May 02, 2006

Night

During my flight home on Sunday I read the most moving book, Night by Elie Wiesel.

I picked up the book as a friend (Lori C.) and I were walking through Target in WA. She stated that she read it in three hours and loved it. So I decided to pick it up for the flight home. Little did I know just how gut-wrenching this book would be.

Once I picked it up I couldn’t put it down. I felt as though Elie Wiesel was sitting in front of me giving his account of these events. I cringed when Moshe the Beadle gave his account of the being transported out of the city for not having proper identification.

Moshe goes from one Jewish household to the next telling his story. "Jews, listen to me. It's all I ask of you. I don't want money or pity. Only listen to me" (17). The cattle train crossed the border into Poland, he tells them, where it was taken over by the Gestapo, the German secret police. The Jews were singled out, transferred to lorries, and driven to the forest in Galicia, near Kolomaye, where they were forced to dig pits. When they had finished, each prisoner had to approach the hole, present his neck, and was shot. Babies were thrown into the air and used as targets by machine gunners. Moshe tells them about Malka, the young girl who took three days to die, and Tobias, the tailor who begged to be killed before his sons; and how he, Moshe, was shot in the leg and taken for dead. But the Jews of Sighet would not listen.

I cried when I read of the torment that he felt over his father. He loved and respected his father so much, yet faced with the basic needs of his own survival he couldn’t help but feel his father was a burden, dragging him down and threatening his ability to survive another day.

An alert sounds, the camp lights goes out, and Wiesel, exhausted, follows the crowd to the barracks, leaving his father behind. He wakes at dawn on a wooden bunk, remembering that he has a father, and goes in search of him.
But at that same moment this thought came into my mind. Don't let me find him! If only I could get rid of this dead weight, so that I could use all my strength to struggle for my own survival, and only worry about myself. Immediately I felt ashamed of myself, ashamed forever. (101)

How did these people find the strength and will to go on after days of pain, filth, despair, humiliation and degradation? Could I have that kind of will-power in the face of such evil or would I pray for the peace death would bring me? Would I be a devoted child or would I submit to my own human needs and resent those who were weaker and depended upon me?

In the morning, January 29, 1945, Eliezer finds another invalid lying in his father's place. The Kapos had come before dawn and taken him to the crematorium, possibly still alive.
His last word was my name. A summons, to which I did not respond.
I did not weep, and it pained me that I could not weep. But I had no more tears. And, in the depths of my being, in the recesses of my weakened conscience, could I have searched for it, I might perhaps have found something like — free at last! (106)

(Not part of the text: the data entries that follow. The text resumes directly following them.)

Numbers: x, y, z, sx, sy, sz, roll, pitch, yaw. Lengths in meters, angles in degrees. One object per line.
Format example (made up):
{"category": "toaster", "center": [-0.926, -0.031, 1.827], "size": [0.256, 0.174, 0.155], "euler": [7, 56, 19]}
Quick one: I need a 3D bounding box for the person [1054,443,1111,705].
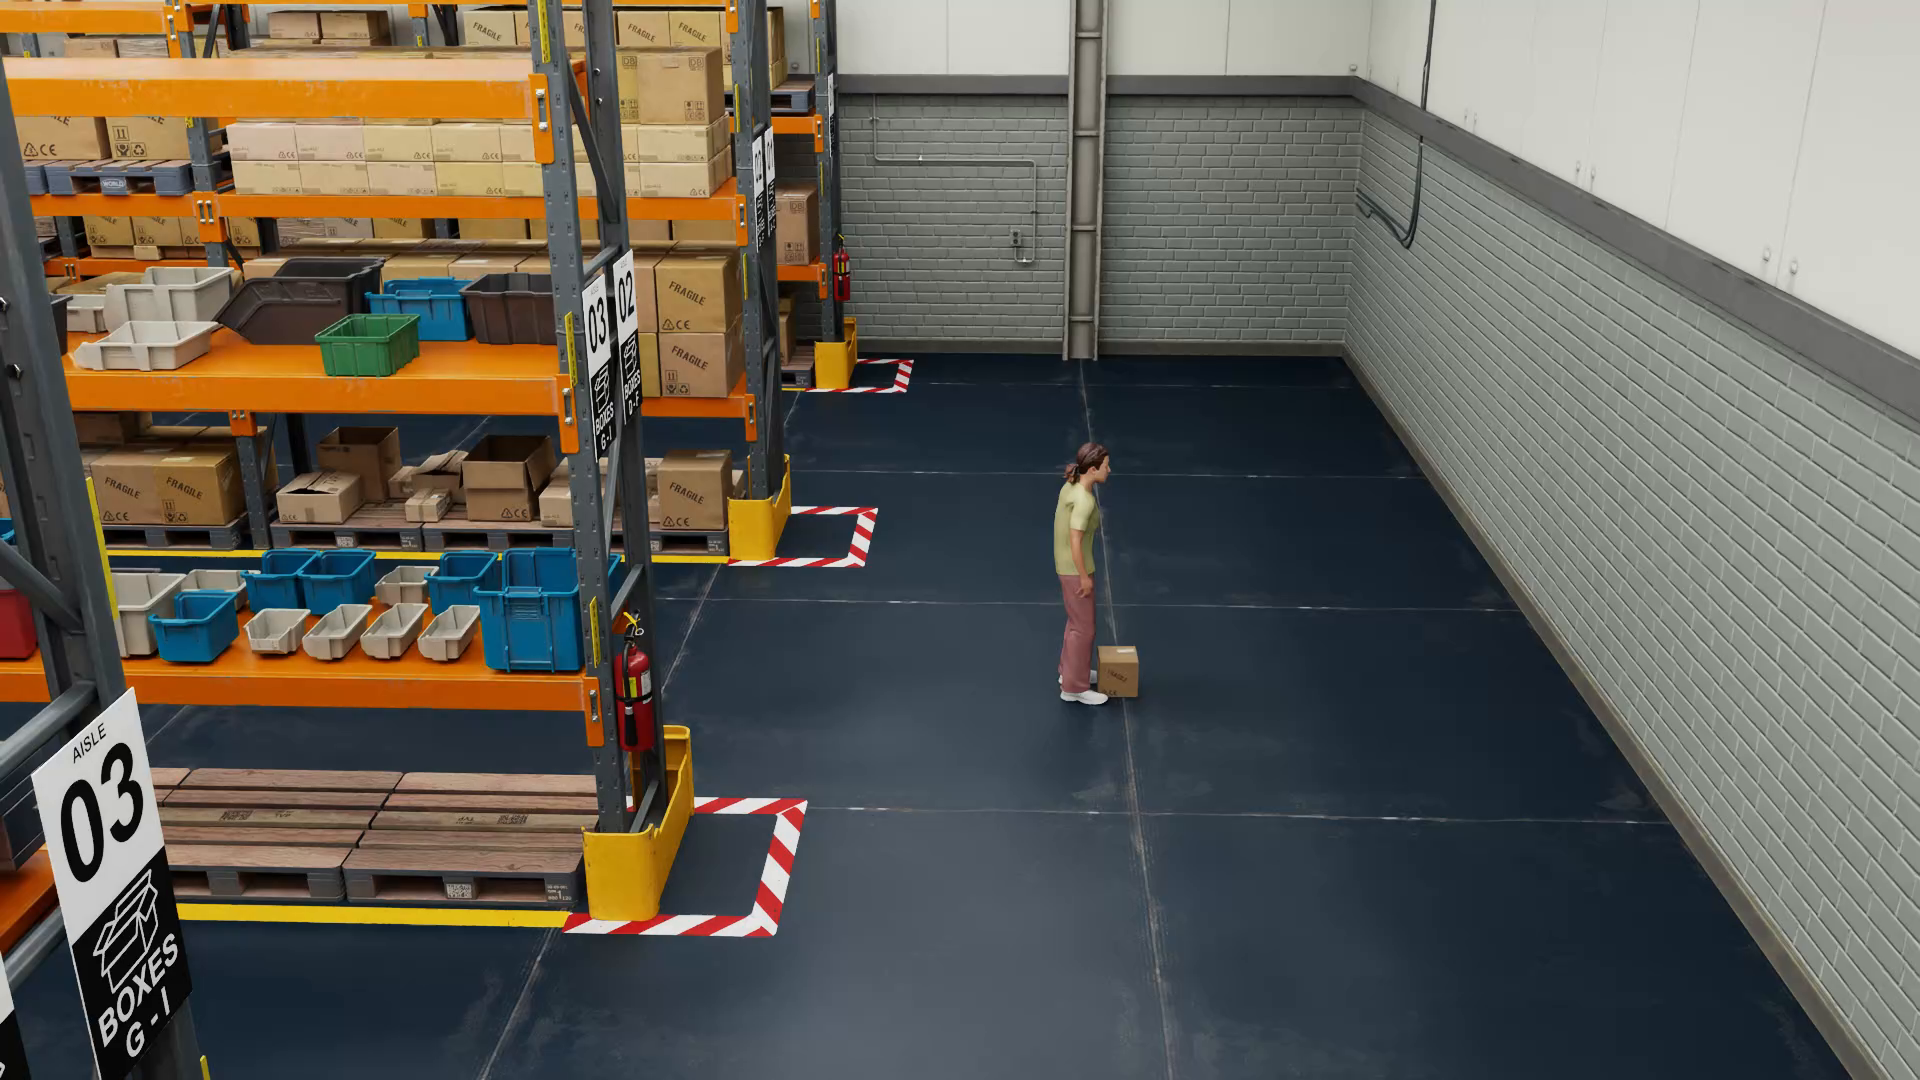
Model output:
{"category": "person", "center": [0.777, 0.191, 10.583], "size": [0.365, 1.671, 0.515], "euler": [-1, 21, -2]}
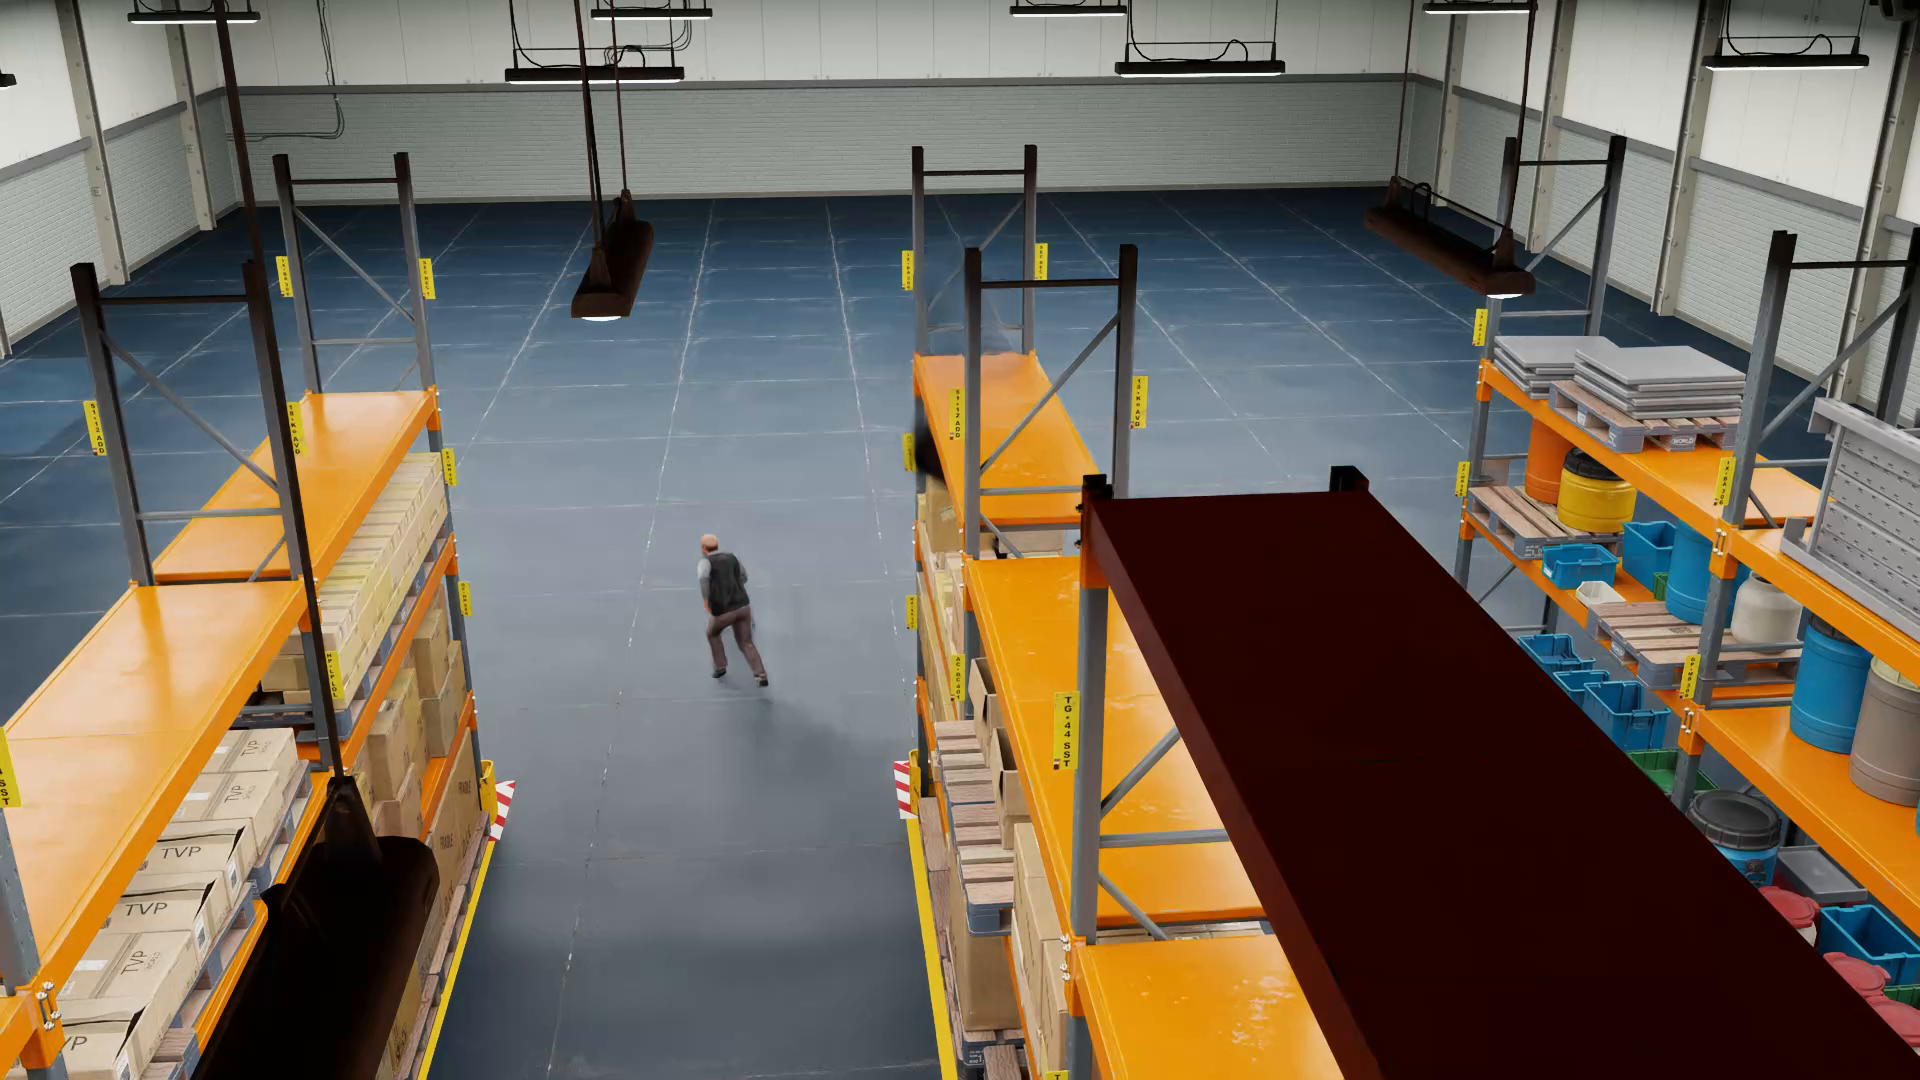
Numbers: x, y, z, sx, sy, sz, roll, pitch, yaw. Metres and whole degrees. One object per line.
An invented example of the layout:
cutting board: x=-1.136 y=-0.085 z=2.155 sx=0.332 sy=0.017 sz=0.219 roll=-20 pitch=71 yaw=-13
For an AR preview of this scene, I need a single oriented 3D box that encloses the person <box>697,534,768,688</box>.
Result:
person: x=-2.387 y=0.827 z=17.417 sx=0.701 sy=1.681 sz=0.988 roll=-20 pitch=29 yaw=-40
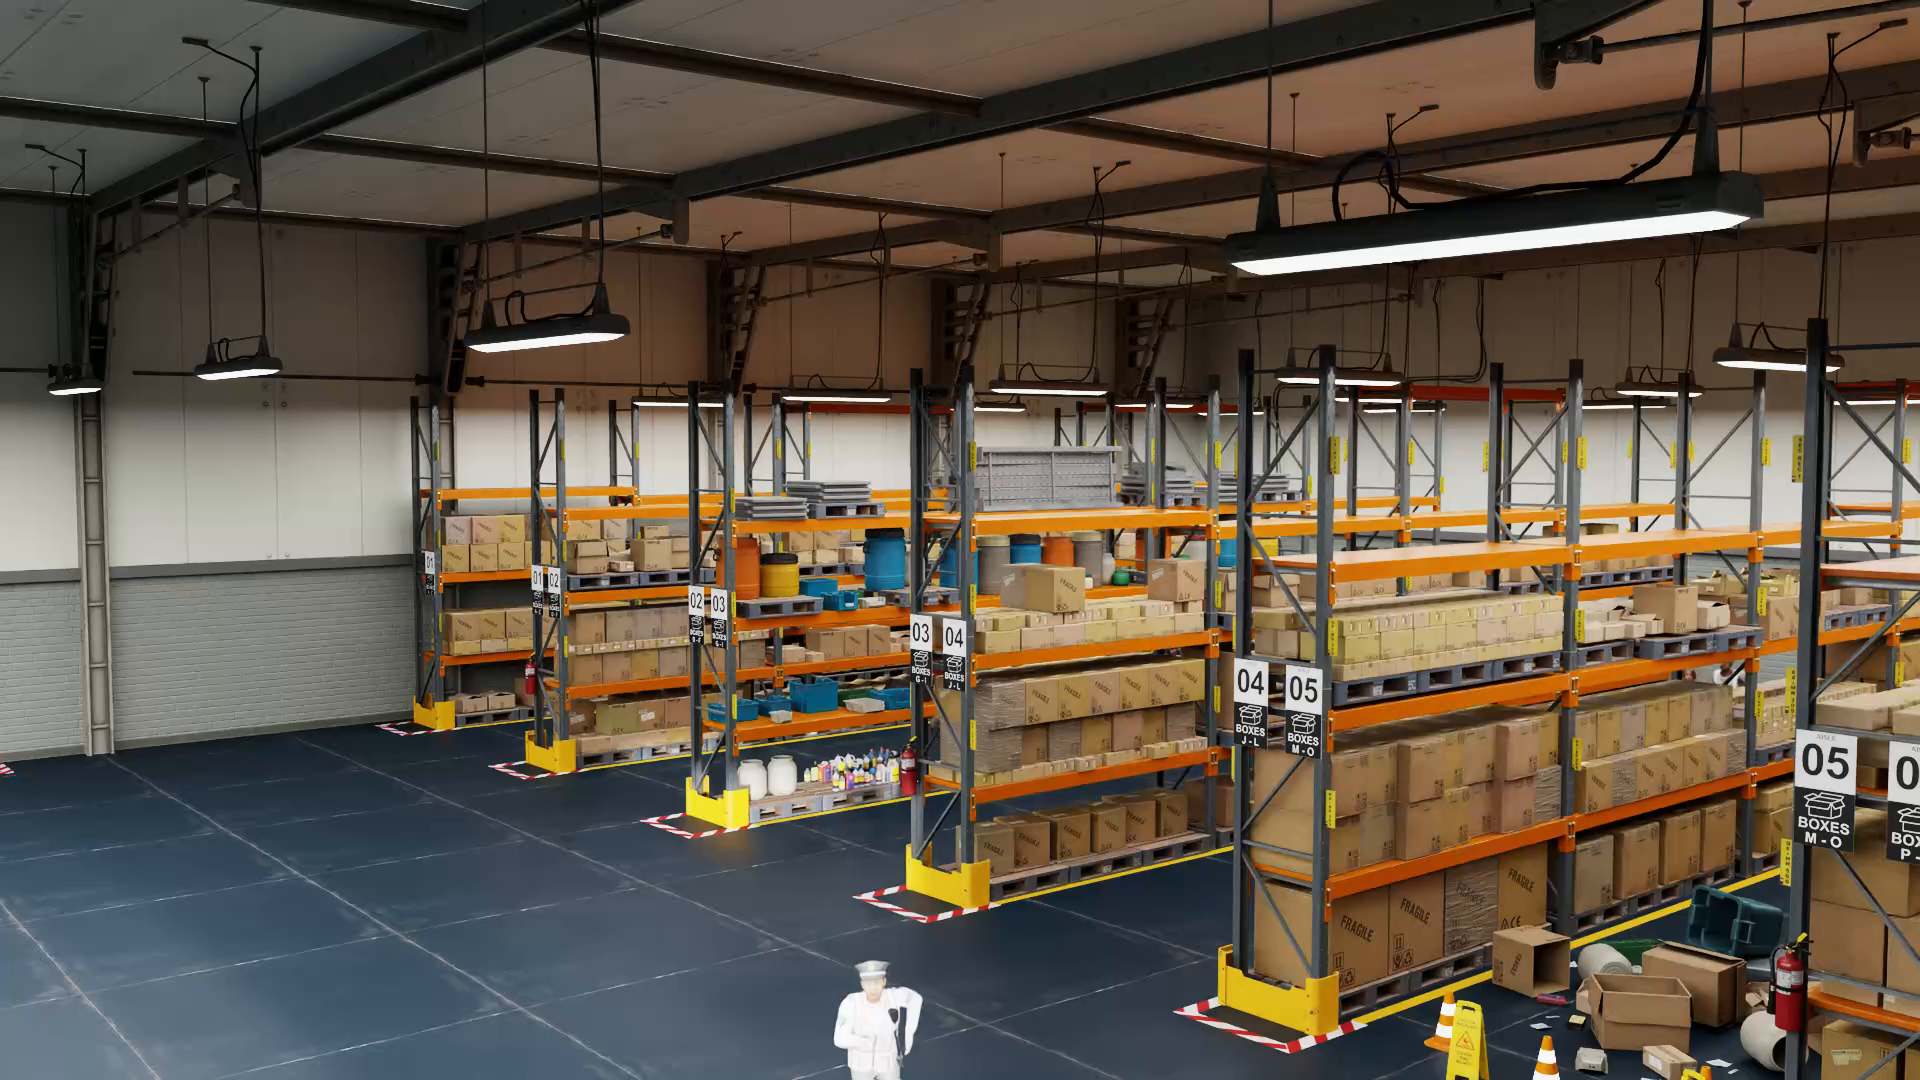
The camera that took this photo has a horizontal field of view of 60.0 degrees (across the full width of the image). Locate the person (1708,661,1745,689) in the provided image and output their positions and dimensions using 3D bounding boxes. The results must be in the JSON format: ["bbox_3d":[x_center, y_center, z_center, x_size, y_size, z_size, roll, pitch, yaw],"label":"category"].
[{"bbox_3d":[12.504,2.705,27.031,0.582,1.728,0.696,-3,4,-40],"label":"person"}]

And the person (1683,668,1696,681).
[{"bbox_3d":[11.483,2.830,26.244,0.507,1.649,0.710,3,4,41],"label":"person"}]

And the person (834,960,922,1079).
[{"bbox_3d":[-0.564,3.643,11.472,0.584,1.627,0.785,0,3,2],"label":"person"}]

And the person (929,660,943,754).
[{"bbox_3d":[-0.362,2.683,27.050,0.664,1.706,0.653,-3,4,-39],"label":"person"}]
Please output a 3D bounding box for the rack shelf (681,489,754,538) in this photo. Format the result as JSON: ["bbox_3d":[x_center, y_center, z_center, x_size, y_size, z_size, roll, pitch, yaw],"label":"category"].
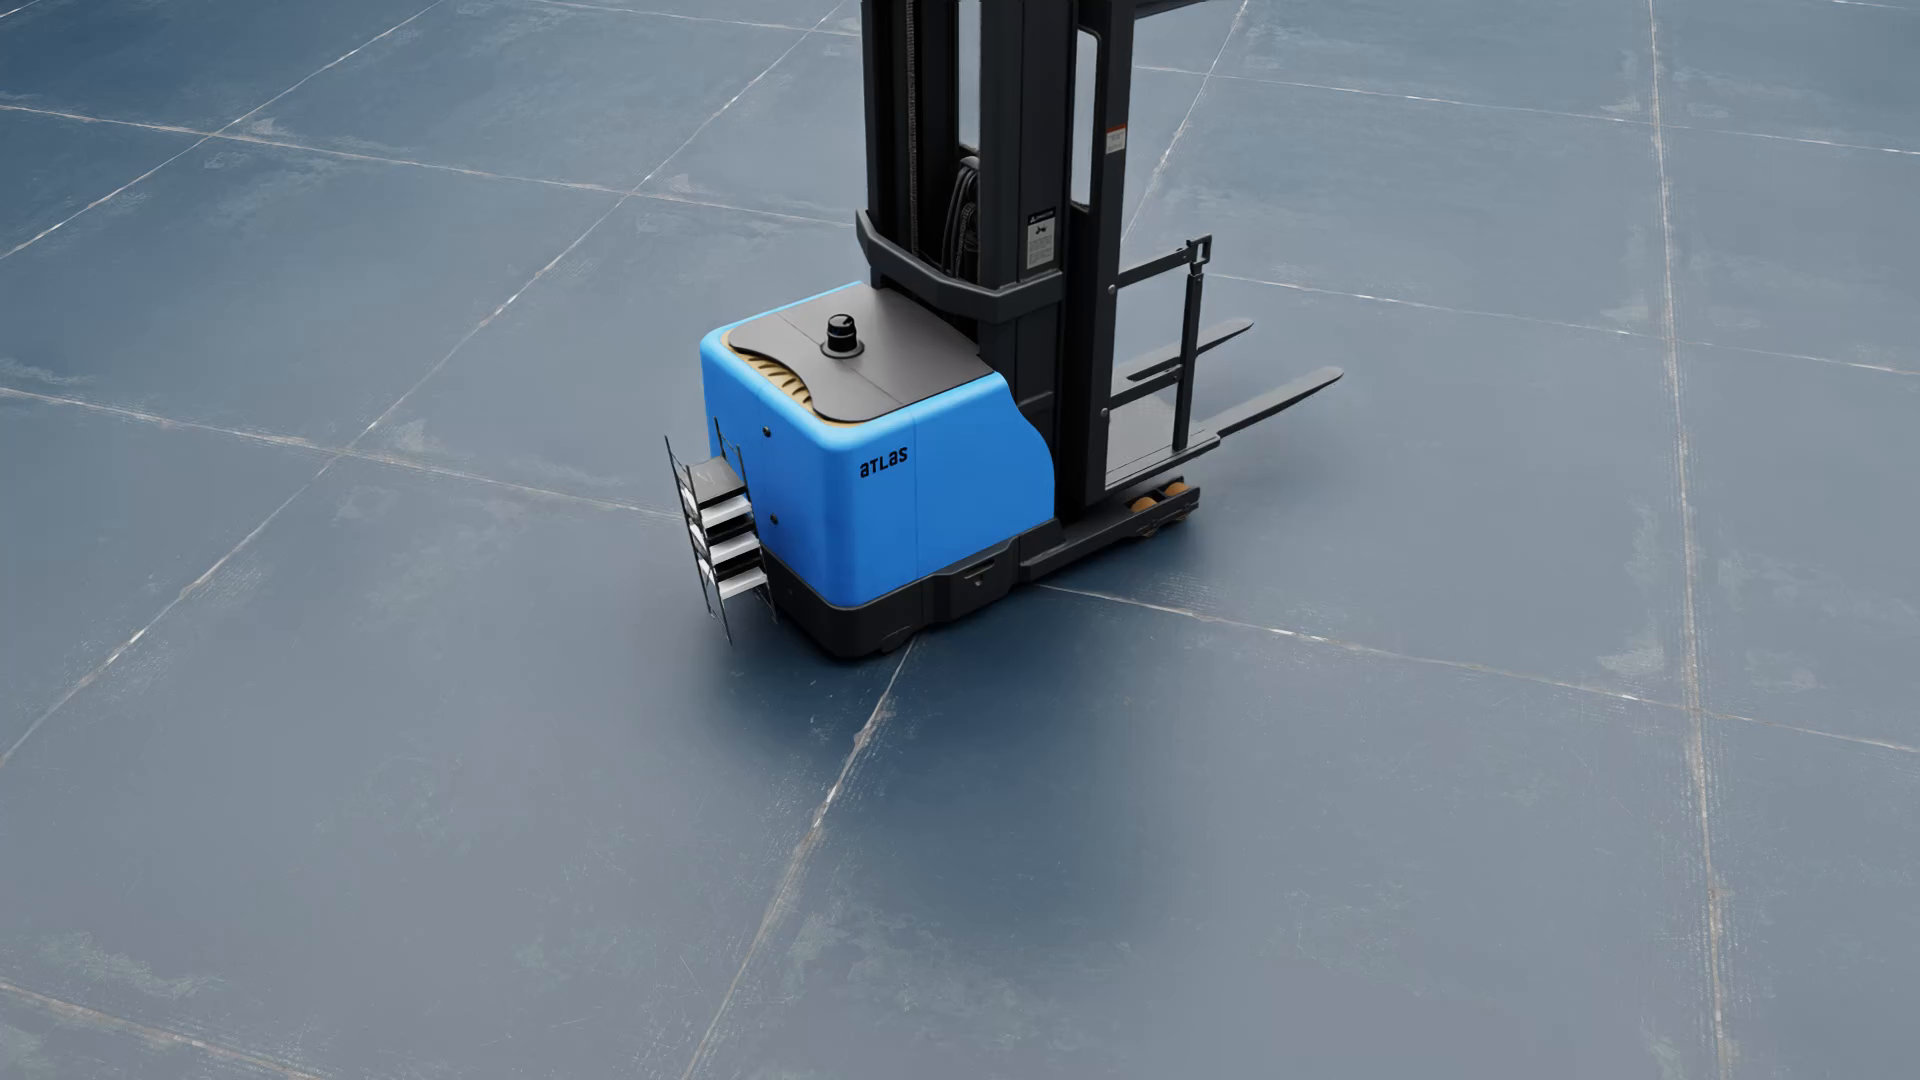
[{"bbox_3d":[-0.941,-0.139,6.419,0.200,0.077,0.258,-23,42,-19],"label":"rack shelf"}]

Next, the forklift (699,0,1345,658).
[{"bbox_3d":[0.439,-1.425,6.714,3.031,2.935,1.130,-24,43,-29],"label":"forklift"}]

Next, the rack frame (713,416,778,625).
[{"bbox_3d":[-0.839,-0.064,6.545,0.006,0.900,0.240,-23,42,-19],"label":"rack frame"}]

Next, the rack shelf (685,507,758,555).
[{"bbox_3d":[-0.933,-0.070,6.476,0.200,0.077,0.258,-23,42,-19],"label":"rack shelf"}]

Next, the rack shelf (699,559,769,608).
[{"bbox_3d":[-0.908,0.138,6.646,0.200,0.077,0.258,-23,42,-19],"label":"rack shelf"}]

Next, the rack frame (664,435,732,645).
[{"bbox_3d":[-1.016,0.011,6.479,0.006,0.900,0.240,-23,42,-19],"label":"rack frame"}]

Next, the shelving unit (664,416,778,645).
[{"bbox_3d":[-0.928,-0.026,6.512,0.210,0.900,0.258,-23,42,-19],"label":"shelving unit"}]

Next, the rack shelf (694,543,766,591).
[{"bbox_3d":[-0.916,0.069,6.589,0.200,0.077,0.258,-23,42,-19],"label":"rack shelf"}]

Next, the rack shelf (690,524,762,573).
[{"bbox_3d":[-0.925,-0.001,6.533,0.200,0.077,0.258,-23,42,-19],"label":"rack shelf"}]

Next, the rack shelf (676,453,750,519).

I hope to never be faced with nightmare that was 1941-1945.

I encourage everyone to read this book and in turn encourage many more to read it. It teaches a lesson that we all must never forget, but must always remember.

3 comments:

Erin said...

Dang it, Vonn! I'm ordering a copy of this now. Sarah, The Girl, Kelly and I just had a conversation about this at knitting the other day. All the books I read in high school, I hated...and this was one of them. But Sarah said it's different when you HAVE to read something, as opposed to wanting to. So now I'm ordering all the classics I was forced to read, hoping that I've grown up enough to take something from them...and enjoy them! Thanks for stretching me a bit...

:)

Vonn** said...

This was not on our required reading list in high school, but I probably would have hated it then too. It is truly a great book and such a quick read. It packs a big punch.

Good to know that we are all in sync with so many miles between us......Let me know how you like it.

Jen said...

I'm in sync too! I picked that same book up at Target before we started our drive to WA. (About a week before you posted this). Several of my friends had a Holocost class in college and recommended the book to me. Elie Wiesel even came and spoke at my school, and I went to see him talk - but I just never got around to reading the book until now. Too bad we can't get the book club back together at the Bayrisch Irish!